[[ RECORDED DATA open ]]
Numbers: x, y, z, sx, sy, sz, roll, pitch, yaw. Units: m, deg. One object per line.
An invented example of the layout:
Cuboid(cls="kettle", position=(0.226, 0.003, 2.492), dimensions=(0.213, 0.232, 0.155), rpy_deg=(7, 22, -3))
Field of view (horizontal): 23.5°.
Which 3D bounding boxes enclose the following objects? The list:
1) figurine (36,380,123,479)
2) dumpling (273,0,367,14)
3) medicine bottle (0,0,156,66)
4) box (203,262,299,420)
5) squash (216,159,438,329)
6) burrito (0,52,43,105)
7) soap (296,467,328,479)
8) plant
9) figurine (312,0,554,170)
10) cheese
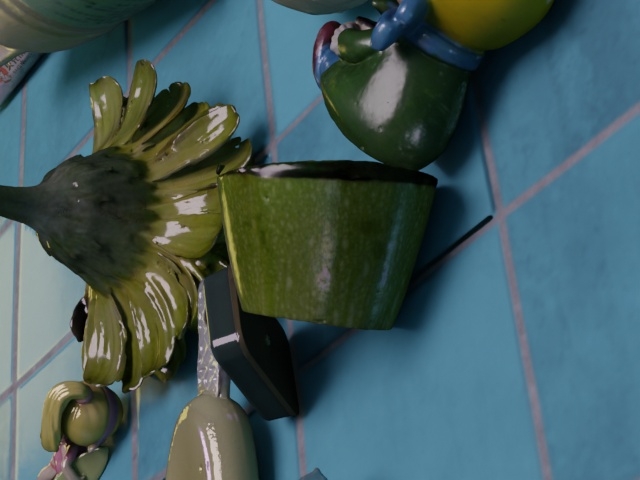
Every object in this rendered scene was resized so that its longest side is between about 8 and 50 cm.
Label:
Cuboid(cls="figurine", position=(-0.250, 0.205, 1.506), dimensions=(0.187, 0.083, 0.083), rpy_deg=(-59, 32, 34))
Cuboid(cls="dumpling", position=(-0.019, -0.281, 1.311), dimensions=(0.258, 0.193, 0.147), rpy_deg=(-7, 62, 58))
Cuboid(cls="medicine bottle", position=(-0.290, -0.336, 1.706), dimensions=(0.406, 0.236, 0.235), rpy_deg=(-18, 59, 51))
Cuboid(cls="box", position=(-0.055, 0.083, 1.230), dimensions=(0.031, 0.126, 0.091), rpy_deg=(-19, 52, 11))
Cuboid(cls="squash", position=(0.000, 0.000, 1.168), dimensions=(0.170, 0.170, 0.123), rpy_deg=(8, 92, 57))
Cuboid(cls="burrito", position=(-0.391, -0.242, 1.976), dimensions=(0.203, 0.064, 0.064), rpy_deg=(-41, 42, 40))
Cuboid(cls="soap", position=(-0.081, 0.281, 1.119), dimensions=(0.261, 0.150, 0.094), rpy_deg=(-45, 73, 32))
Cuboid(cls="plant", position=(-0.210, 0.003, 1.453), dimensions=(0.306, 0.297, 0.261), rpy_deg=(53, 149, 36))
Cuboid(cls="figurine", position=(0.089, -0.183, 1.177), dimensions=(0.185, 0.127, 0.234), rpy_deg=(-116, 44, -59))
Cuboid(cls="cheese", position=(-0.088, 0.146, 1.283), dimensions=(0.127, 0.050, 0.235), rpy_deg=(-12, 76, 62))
[[ RECORDED DATA closed ]]
• [TASK STATEMENT]: Retype the data in full. Images do not go in the copy.

• [SOLUTION]:
Numbers: x, y, z, sx, sy, sz, roll, pitch, yaw. Units: m, deg. One object per line.
An invented example of the layout:
Cuboid(cls="kettle", position=(0.226, 0.003, 2.492), dimensions=(0.213, 0.232, 0.155), rpy_deg=(7, 22, -3))
Field of view (horizontal): 23.5°.
Which 3D bounding boxes enclose the following objects? The list:
1) figurine (36,380,123,479)
2) dumpling (273,0,367,14)
3) medicine bottle (0,0,156,66)
4) box (203,262,299,420)
5) squash (216,159,438,329)
6) burrito (0,52,43,105)
7) soap (296,467,328,479)
8) plant
9) figurine (312,0,554,170)
10) cheese
Every object in this rendered scene was resized so that its longest side is between about 8 and 50 cm.
Label:
Cuboid(cls="figurine", position=(-0.250, 0.205, 1.506), dimensions=(0.187, 0.083, 0.083), rpy_deg=(-59, 32, 34))
Cuboid(cls="dumpling", position=(-0.019, -0.281, 1.311), dimensions=(0.258, 0.193, 0.147), rpy_deg=(-7, 62, 58))
Cuboid(cls="medicine bottle", position=(-0.290, -0.336, 1.706), dimensions=(0.406, 0.236, 0.235), rpy_deg=(-18, 59, 51))
Cuboid(cls="box", position=(-0.055, 0.083, 1.230), dimensions=(0.031, 0.126, 0.091), rpy_deg=(-19, 52, 11))
Cuboid(cls="squash", position=(0.000, 0.000, 1.168), dimensions=(0.170, 0.170, 0.123), rpy_deg=(8, 92, 57))
Cuboid(cls="burrito", position=(-0.391, -0.242, 1.976), dimensions=(0.203, 0.064, 0.064), rpy_deg=(-41, 42, 40))
Cuboid(cls="soap", position=(-0.081, 0.281, 1.119), dimensions=(0.261, 0.150, 0.094), rpy_deg=(-45, 73, 32))
Cuboid(cls="plant", position=(-0.210, 0.003, 1.453), dimensions=(0.306, 0.297, 0.261), rpy_deg=(53, 149, 36))
Cuboid(cls="figurine", position=(0.089, -0.183, 1.177), dimensions=(0.185, 0.127, 0.234), rpy_deg=(-116, 44, -59))
Cuboid(cls="cheese", position=(-0.088, 0.146, 1.283), dimensions=(0.127, 0.050, 0.235), rpy_deg=(-12, 76, 62))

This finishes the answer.